Suppose you look at me, a person with a 65-kilogram mass. Most of my mass comes from protons and neutrons. While 99.95 per cent of my mass is accounted for by protons and neutrons, only 0.05 per cent is contributed by electrons.

Let us now ask the question, how do protons and neutrons acquire the mass? Obviously from its composites, quarks. If one looks at the “rest” mass of quarks, it is only 1 per cent of the mass of the proton. The rest of the 99 per cent is the strong force that binds these quarks. In that sense, most of our mass is actually strong force.

Now, how do the electron and quarks have mass, rest mass? The invariant mass of an electron is approximately 9.109×10−31 kg or 5.489×10−4 atomic mass units. Using Einstein’s mass-energy equivalence principle, E=mc2, one can say the rest mass of the electron is 0.511 MeV. One of the questions in the Standard Model is why would the electron and its next generation particles such as muon and tau have different rest masses although they are all point particles with the same charge? In like manner, the rest mass of a photon is zero, while force carriers like W+, W- and Z0 have non-zero rest mass.

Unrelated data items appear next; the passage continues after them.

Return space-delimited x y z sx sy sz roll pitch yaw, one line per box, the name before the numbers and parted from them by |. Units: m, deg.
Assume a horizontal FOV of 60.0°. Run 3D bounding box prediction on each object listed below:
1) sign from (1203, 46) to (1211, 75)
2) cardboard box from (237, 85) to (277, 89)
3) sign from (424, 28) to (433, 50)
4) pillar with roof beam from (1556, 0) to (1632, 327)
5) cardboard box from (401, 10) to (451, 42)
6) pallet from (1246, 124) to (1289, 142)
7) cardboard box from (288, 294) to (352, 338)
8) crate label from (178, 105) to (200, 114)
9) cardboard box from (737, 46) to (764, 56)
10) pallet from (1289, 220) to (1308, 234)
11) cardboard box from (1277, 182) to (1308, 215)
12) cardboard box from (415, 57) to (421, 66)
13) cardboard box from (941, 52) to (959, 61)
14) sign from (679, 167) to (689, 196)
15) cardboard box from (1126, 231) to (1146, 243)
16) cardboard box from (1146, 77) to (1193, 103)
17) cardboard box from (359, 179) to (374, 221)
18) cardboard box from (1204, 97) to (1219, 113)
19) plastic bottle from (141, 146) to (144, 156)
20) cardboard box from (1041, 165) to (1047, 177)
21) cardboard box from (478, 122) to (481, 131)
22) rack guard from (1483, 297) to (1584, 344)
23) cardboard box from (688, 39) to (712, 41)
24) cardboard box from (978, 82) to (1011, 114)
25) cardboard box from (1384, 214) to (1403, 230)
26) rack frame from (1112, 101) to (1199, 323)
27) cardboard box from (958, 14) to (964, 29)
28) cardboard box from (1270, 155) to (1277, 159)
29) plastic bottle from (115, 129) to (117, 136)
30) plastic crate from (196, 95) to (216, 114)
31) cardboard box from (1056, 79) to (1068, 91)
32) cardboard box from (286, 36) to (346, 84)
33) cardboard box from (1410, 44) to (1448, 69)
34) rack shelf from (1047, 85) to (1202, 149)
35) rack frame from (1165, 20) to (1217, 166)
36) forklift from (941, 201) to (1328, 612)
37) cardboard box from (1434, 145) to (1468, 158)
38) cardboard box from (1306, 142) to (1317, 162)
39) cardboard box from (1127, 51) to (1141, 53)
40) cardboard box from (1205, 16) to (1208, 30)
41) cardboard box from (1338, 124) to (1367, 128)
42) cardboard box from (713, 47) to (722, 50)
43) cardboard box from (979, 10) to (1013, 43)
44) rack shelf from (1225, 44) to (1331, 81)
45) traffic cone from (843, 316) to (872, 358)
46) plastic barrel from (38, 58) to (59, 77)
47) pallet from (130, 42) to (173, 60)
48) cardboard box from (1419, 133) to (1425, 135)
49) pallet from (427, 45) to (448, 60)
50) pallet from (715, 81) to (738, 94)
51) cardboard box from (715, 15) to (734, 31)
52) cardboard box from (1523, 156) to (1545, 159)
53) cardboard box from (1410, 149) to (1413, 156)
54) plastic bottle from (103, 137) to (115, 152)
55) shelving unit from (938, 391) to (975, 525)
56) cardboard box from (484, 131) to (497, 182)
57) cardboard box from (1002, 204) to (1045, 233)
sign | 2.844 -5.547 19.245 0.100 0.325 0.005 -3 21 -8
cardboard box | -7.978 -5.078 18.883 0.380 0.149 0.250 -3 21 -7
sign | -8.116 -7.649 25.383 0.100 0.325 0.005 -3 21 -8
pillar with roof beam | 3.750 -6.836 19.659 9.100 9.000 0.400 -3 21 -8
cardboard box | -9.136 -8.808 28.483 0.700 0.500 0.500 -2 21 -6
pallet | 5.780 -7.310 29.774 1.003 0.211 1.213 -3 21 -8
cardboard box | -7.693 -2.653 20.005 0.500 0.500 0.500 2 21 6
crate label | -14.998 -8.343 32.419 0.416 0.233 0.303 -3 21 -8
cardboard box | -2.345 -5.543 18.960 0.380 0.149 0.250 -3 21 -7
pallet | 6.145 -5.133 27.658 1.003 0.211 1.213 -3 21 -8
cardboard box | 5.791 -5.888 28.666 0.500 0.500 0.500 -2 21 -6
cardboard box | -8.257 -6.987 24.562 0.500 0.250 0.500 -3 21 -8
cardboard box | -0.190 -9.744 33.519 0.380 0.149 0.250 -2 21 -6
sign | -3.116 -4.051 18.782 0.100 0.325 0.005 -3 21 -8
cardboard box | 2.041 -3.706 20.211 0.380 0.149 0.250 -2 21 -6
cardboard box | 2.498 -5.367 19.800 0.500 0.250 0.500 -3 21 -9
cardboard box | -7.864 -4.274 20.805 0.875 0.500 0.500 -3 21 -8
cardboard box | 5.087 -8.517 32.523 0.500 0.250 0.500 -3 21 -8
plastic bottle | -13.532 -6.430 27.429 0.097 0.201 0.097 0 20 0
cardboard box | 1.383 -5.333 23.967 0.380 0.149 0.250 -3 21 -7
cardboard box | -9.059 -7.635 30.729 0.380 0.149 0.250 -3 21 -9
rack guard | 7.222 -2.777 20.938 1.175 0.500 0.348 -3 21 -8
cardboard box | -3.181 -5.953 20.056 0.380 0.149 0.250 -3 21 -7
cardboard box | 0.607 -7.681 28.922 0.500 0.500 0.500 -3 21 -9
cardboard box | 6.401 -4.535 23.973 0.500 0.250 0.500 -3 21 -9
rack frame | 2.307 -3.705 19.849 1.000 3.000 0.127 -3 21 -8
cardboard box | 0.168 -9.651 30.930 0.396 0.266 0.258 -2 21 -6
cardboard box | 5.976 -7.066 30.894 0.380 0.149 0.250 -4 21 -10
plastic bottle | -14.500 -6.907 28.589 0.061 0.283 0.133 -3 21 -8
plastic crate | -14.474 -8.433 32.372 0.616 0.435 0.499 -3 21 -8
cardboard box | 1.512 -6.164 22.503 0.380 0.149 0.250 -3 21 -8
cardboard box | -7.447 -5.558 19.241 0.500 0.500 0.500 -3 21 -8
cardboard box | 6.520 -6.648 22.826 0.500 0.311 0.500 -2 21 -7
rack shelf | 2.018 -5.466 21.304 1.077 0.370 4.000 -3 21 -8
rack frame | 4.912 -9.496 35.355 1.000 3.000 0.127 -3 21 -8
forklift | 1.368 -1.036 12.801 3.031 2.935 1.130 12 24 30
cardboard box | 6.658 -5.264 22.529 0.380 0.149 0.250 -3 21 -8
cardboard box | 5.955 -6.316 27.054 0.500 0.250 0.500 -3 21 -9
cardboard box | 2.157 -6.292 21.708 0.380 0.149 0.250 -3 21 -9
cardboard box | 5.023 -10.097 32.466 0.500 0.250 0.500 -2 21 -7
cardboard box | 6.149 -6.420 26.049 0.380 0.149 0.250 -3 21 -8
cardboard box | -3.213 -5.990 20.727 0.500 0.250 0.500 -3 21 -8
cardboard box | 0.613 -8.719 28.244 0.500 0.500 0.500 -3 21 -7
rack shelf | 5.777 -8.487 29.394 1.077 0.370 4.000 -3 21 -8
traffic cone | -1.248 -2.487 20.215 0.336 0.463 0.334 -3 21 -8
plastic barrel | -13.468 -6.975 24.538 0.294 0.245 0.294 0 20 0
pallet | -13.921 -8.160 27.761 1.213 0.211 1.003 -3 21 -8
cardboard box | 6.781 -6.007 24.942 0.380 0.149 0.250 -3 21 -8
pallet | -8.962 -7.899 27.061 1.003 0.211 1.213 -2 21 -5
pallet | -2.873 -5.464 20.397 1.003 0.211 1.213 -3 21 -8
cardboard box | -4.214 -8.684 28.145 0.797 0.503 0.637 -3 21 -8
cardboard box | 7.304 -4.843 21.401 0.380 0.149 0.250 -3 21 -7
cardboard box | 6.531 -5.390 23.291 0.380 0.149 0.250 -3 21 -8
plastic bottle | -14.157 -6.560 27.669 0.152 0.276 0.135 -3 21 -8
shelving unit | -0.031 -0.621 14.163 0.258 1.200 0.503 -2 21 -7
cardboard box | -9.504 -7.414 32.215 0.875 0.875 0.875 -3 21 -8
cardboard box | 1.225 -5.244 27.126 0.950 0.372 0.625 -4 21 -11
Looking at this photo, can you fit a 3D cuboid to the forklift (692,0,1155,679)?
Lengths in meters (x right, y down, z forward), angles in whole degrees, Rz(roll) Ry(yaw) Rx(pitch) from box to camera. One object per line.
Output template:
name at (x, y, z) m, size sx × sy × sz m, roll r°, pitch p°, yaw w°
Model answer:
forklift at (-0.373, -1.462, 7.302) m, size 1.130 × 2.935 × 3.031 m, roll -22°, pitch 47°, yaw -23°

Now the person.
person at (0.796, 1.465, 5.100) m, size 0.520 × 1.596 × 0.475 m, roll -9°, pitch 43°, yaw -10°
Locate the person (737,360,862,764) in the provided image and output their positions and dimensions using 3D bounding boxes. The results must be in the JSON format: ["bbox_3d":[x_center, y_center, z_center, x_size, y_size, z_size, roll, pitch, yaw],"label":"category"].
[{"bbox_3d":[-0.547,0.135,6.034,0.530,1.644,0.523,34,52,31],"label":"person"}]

The Higgs field was postulated to explain the origin of rest mass of fundamental particles such as quarks and electrons. Imagine electrons and quarks to be some type of sponge and the Higgs field as rain. If there is no place to hide, the rain will fall on it and based on its porous capacity, the sponge will soak in the rain water and become heavier. Except for the photon and the gluon, all other fundamental particles couple with the Higgs field in various strengths, resulting in the rest mass that they have. The associated particle with the Higgs field is the Higgs particle. The Higgs particle remained elusive for more than four decades and was finally found in 2012.